■ Work to be completed
Filter the entries, keeping every line with the string "object".

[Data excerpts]
---
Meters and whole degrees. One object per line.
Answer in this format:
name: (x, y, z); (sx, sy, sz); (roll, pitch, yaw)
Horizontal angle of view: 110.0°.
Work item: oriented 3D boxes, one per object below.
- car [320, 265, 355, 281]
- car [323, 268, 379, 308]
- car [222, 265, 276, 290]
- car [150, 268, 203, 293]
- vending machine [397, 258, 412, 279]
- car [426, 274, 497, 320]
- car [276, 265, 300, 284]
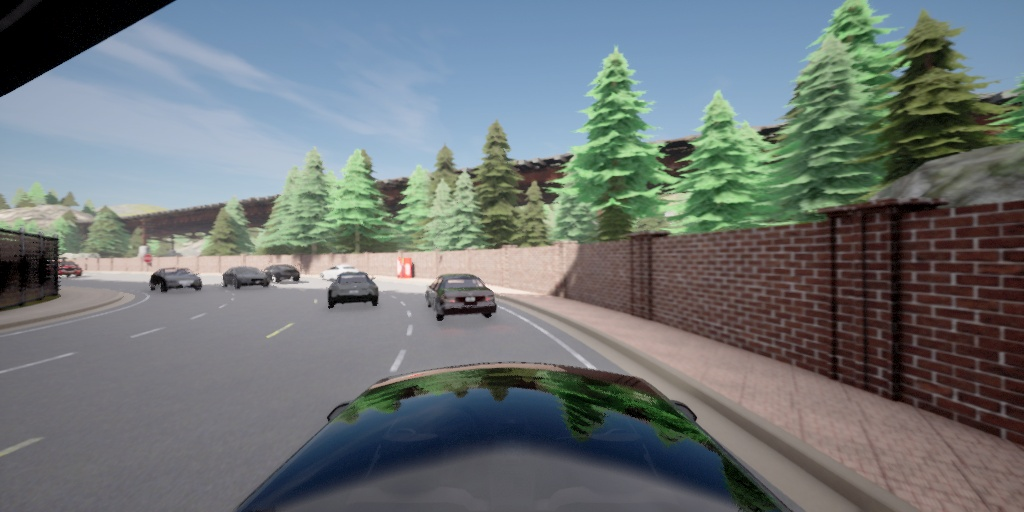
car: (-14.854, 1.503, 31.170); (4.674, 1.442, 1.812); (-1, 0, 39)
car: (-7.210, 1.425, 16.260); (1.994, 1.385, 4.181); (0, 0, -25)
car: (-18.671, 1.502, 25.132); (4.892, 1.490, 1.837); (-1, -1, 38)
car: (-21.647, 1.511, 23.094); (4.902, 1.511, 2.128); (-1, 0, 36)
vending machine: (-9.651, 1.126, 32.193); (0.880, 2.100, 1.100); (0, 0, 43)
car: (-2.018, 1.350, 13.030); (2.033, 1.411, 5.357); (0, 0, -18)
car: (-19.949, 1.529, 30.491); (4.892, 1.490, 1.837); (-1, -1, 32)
---
■ Answer section
Meters and whole degrees. One object per line.
Work item: oriented 3D boxes, one per object below.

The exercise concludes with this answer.